Genovo is a Computer-Aided Design(CAD) tool to create genome denovo.

1. operation interface
We developed its GUI & multiple functions basing upon JBrowse, a genome browse with a fully dynamic AJAX interface, which is included in GMOD in the CLOUD toolset.

2. functional plugins
The current version is 1.3. It consists of 14 main plugins belonging to 3 design modules:
NeoChr, NecleoMod, SegmMan

They are used to construct new chromosome structure denovo, modify CDS based on synoymous mutation, split chromosome into fragments with assembly adaptors in different sizes.
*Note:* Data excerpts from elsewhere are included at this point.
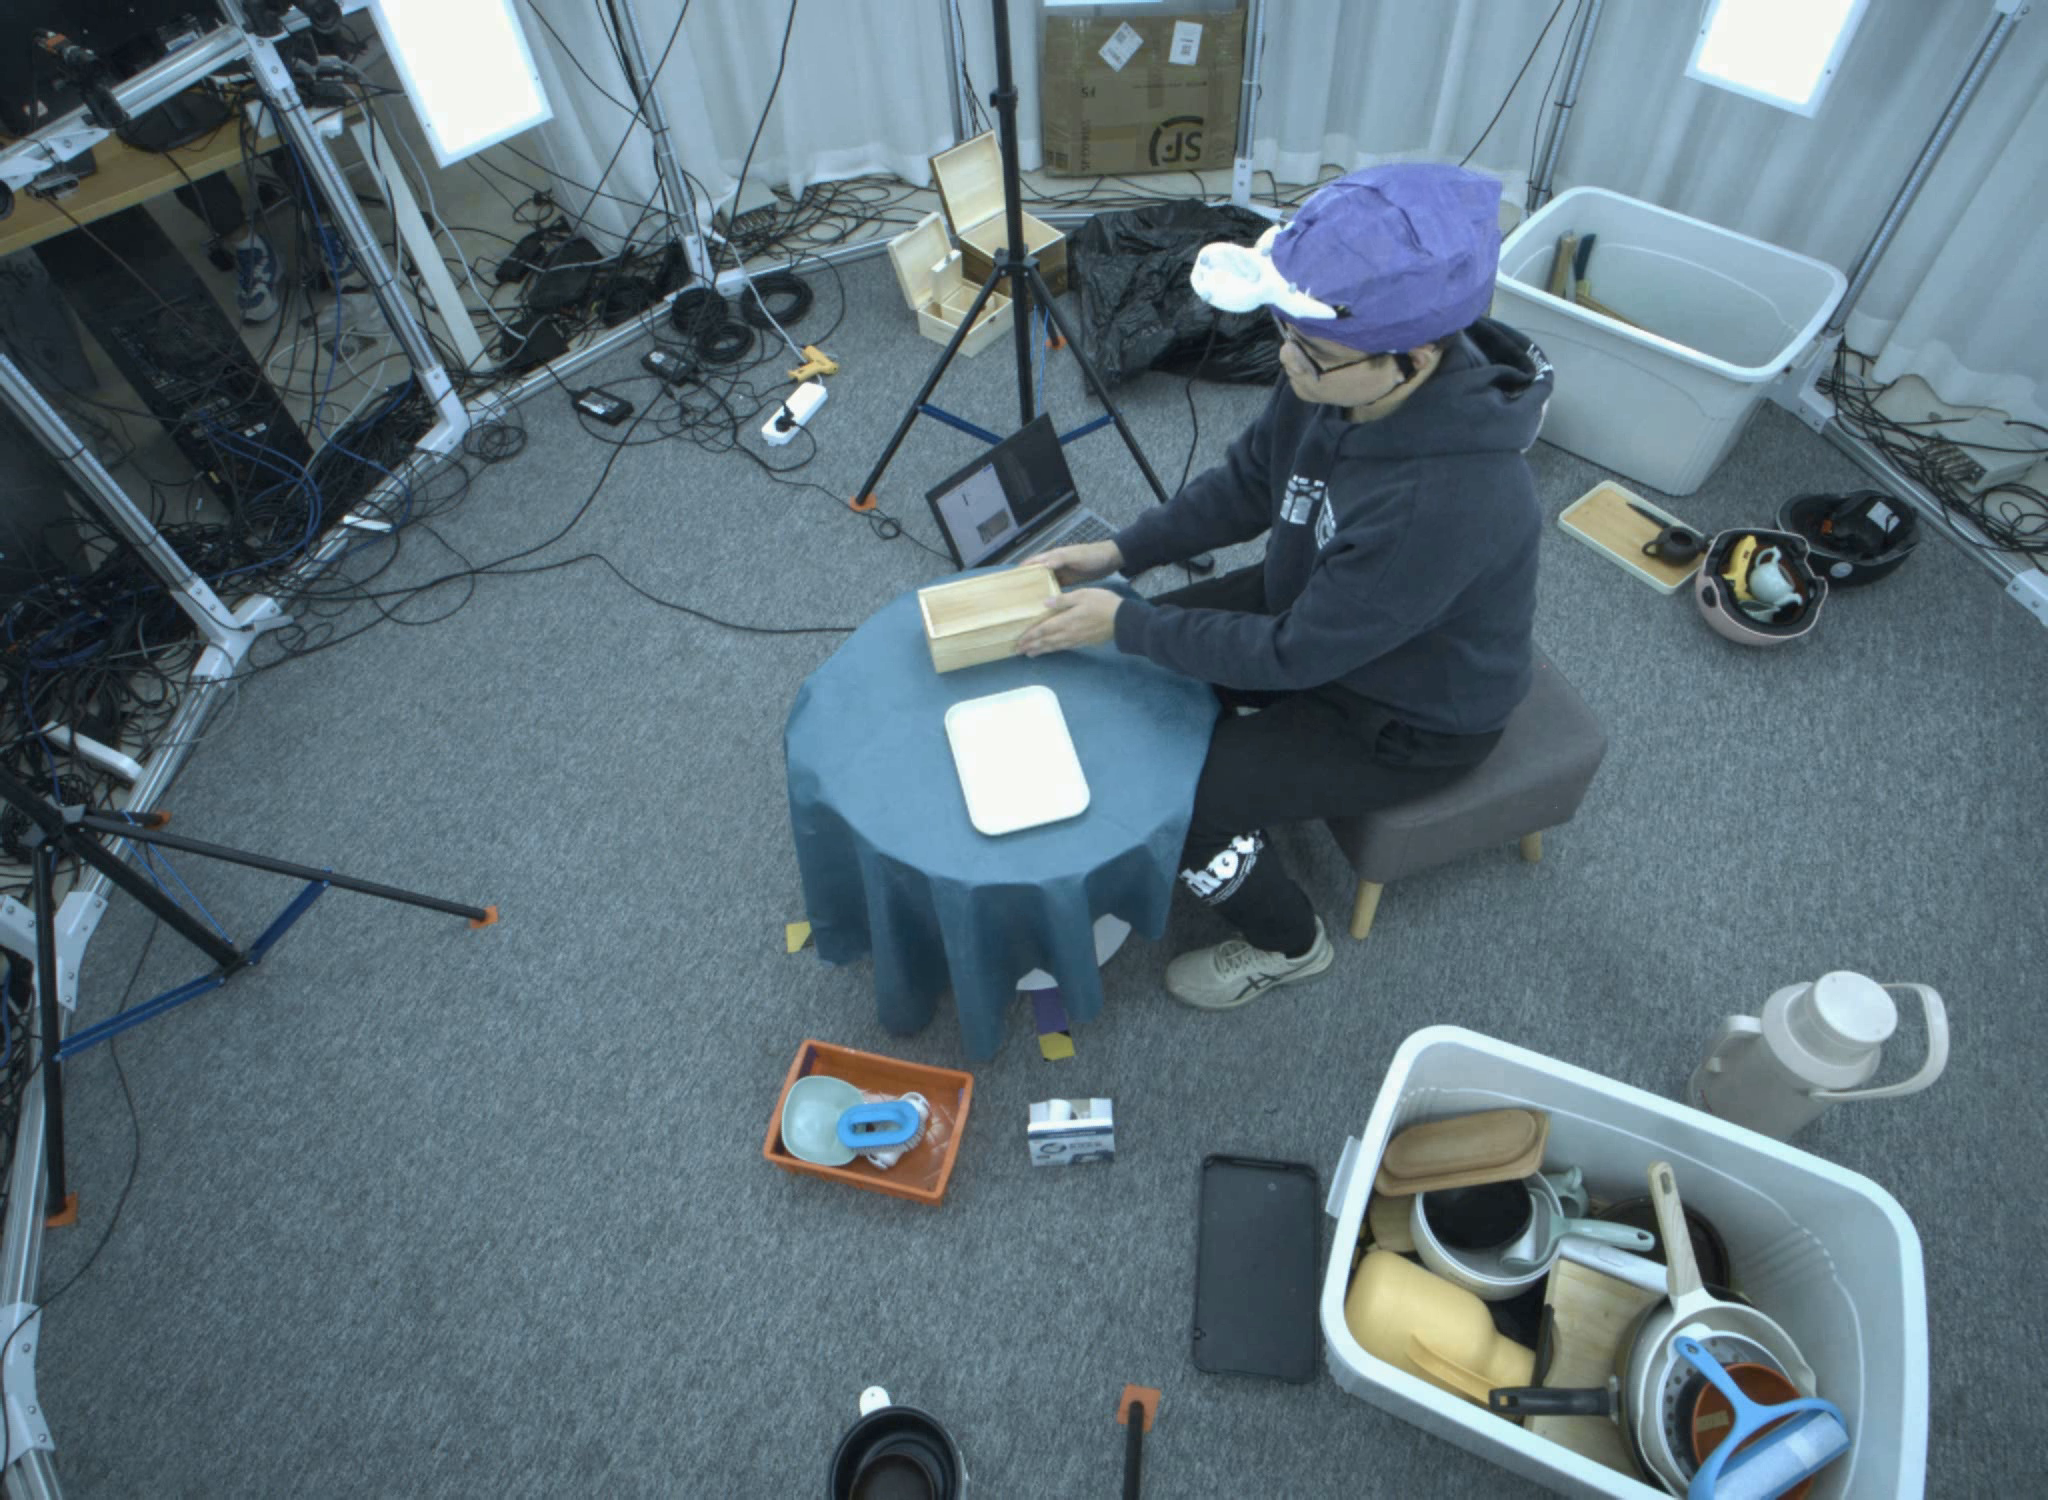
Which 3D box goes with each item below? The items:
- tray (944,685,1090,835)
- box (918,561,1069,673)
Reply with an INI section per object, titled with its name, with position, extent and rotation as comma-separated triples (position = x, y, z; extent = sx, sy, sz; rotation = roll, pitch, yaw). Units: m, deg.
[tray]
position = -0.012, 0.013, 1.769
extent = 0.172, 0.017, 0.236
rotation = -13, 55, -8
[box]
position = -0.047, -0.204, 1.884
extent = 0.212, 0.081, 0.106
rotation = -14, 56, -8
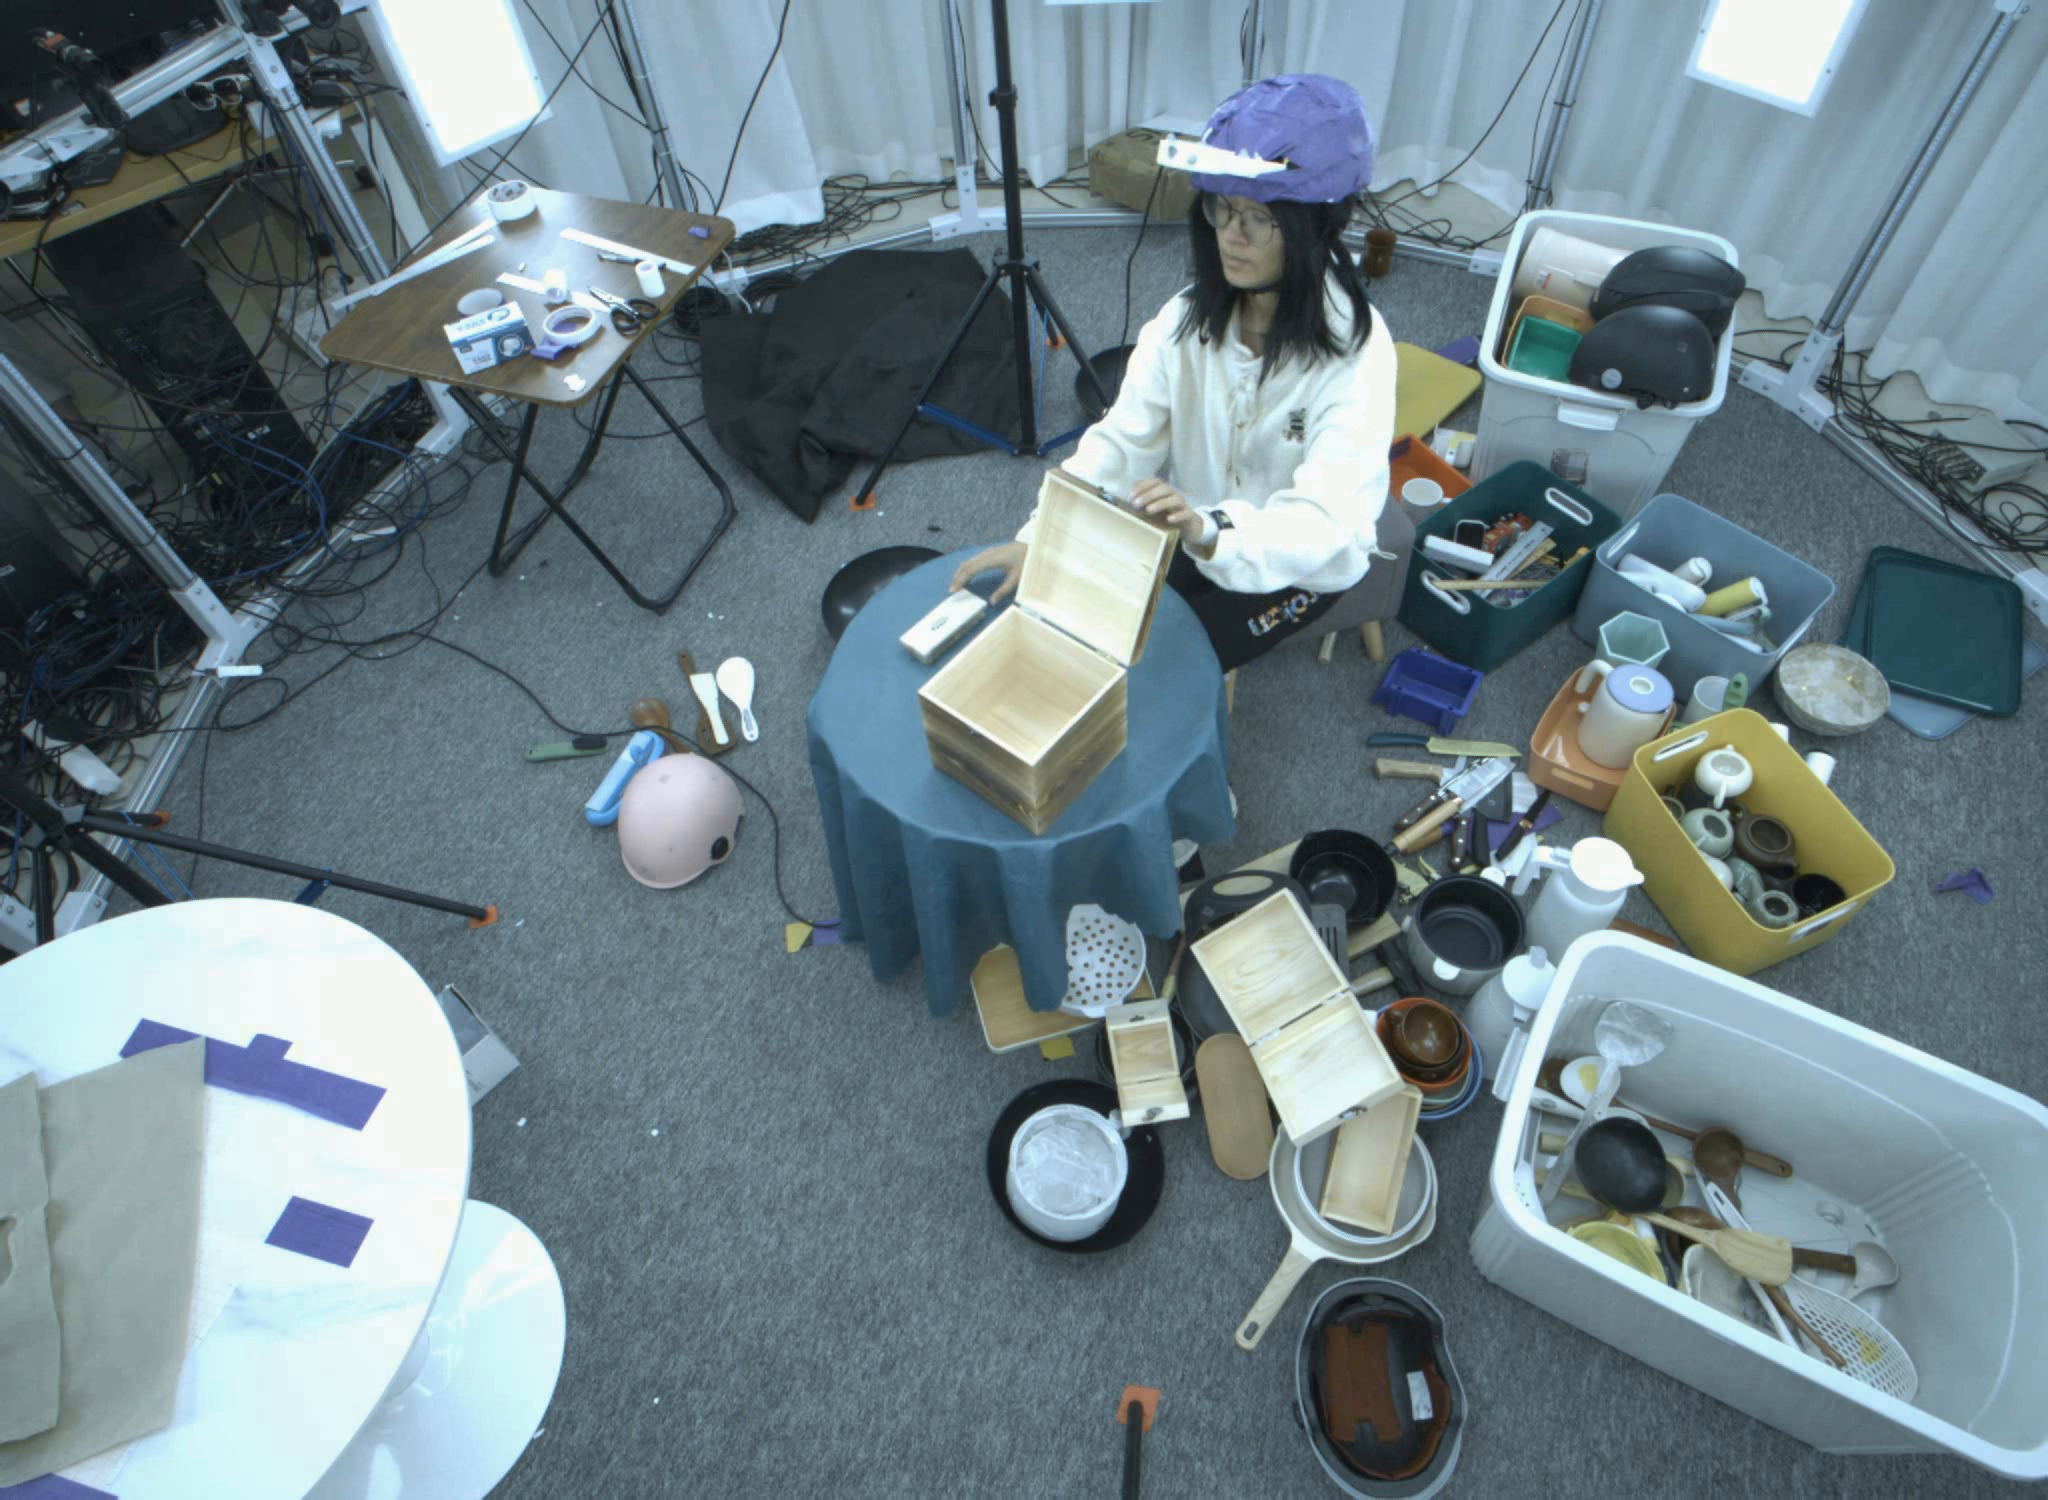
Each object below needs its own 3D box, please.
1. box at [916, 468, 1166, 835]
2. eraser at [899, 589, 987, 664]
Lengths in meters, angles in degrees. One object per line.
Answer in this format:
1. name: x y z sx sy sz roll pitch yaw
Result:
1. box: 0.026 -0.133 1.657 0.205 0.380 0.324 31 62 24
2. eraser: -0.125 -0.194 1.911 0.056 0.029 0.140 35 62 27
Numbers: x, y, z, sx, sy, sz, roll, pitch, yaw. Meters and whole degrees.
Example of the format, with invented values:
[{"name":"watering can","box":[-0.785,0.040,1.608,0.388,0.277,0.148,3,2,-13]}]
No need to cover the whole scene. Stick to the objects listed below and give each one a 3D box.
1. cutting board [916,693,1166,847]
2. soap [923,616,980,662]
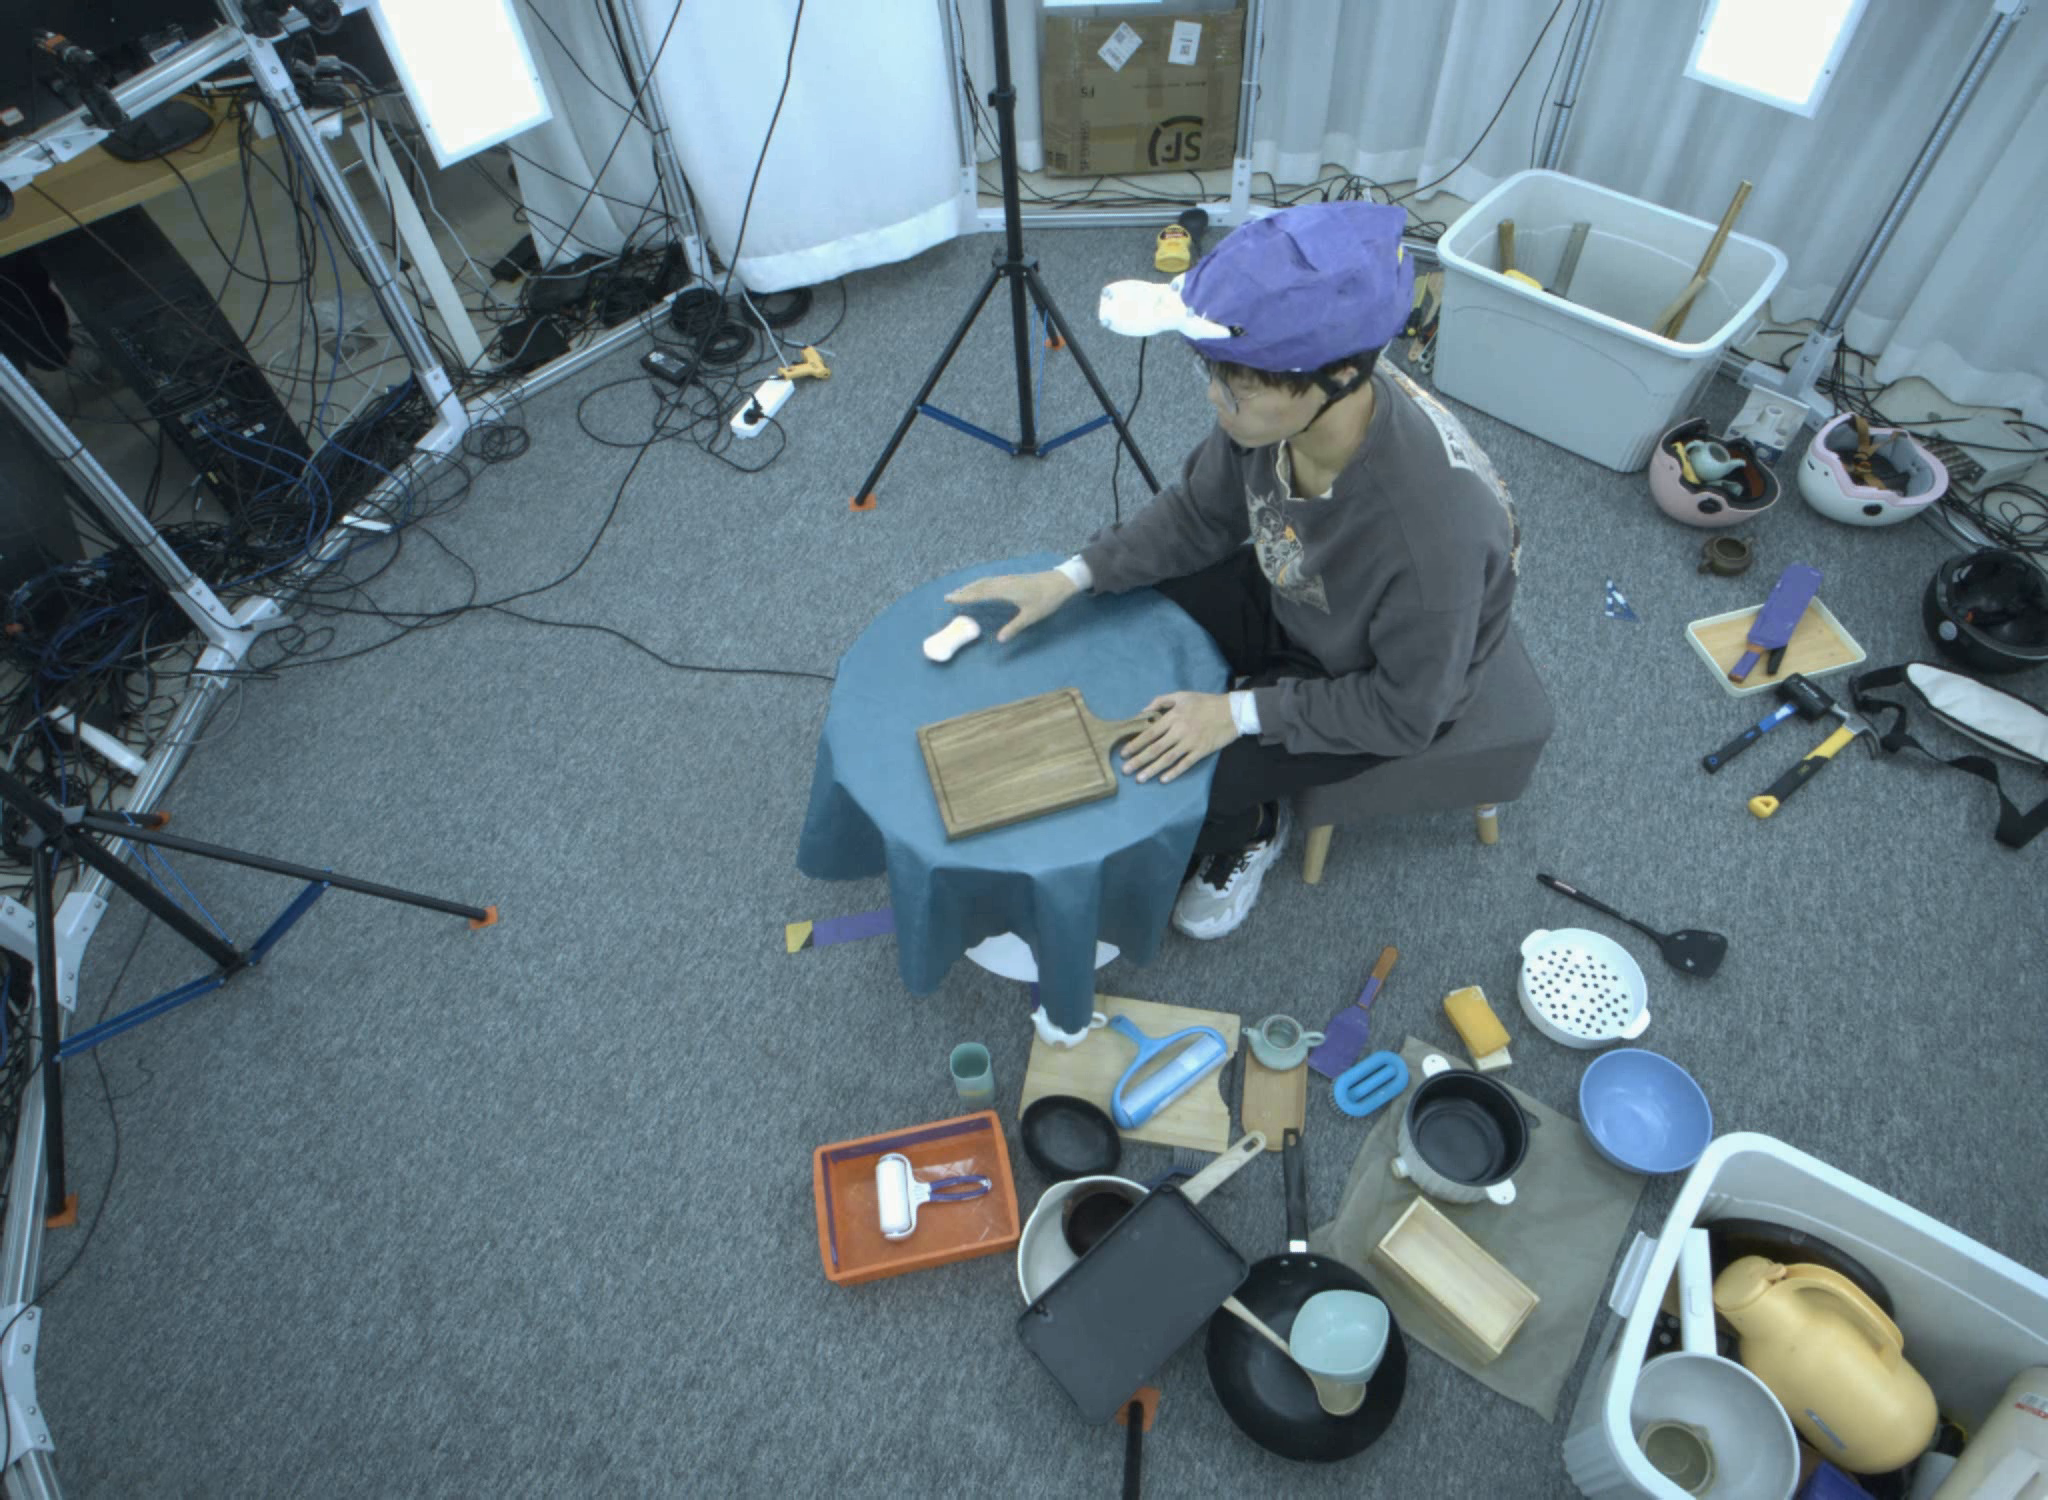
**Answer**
[{"name":"cutting board","box":[0.036,0.012,1.762,0.354,0.023,0.198,-14,55,-8]},{"name":"soap","box":[-0.112,-0.172,1.895,0.095,0.031,0.049,-39,62,-25]}]

The first module, NeoChr, would assist users to grab related genes in different pathways of various organism manually, to rewire genes’ relationship logically*, and to replace genes with orthologs that score higher*. Then it would allow users to define gene order and orientation in DRAG&DROP way, and decouple the genes with overlap. In the end, it would add or delete features, such as encrypted watermarks*, telomere, loxp sites to build a brand new genome.

The second one , NucleoMod, has 5 applications. Firstly, NucleoMod is used to design CRISPR sites on NeoChr so that we can silence the wild type genes. Secondly, it can erase specific enzyme sites according to the users' selection. Thirdly, users can create a enzyme site in selected region of specific genes. Fourthly, it can optimize the codon efficiency to incresase the expression level. Finally, it can smash the tandem repeat bases to reduce the synthesis difficulty.

The third one, SegmMan will cut chromosome into pieces in different sizes with Gibson, Goldengate, telomere adaptors to them so that they are able to be assembled into whole experimentally. Besides, it adds flanking vector homologous resion and enzyme sites for the preservation and excision from vectors.

SegmMan, in another level, provide a complementary OLSDesign will guide users to get the chrosome fragments by chip and how to assembly them together.

3. software goals

Genovo enables users to create chromosome-like biodevice denovo, from pathway guided selection of gene to the rewire of genes’ relation, from reasonable substitution of genes to alteration of genes’ location along chromosome addition, from modification to CDS sequence to automatically segmentation design globally for assembly.

We hope Genovo would assist users to have their own designed chromosome even if in silico, and hope it would assist researchers in SC2.0 project and futher genome research in pathway level.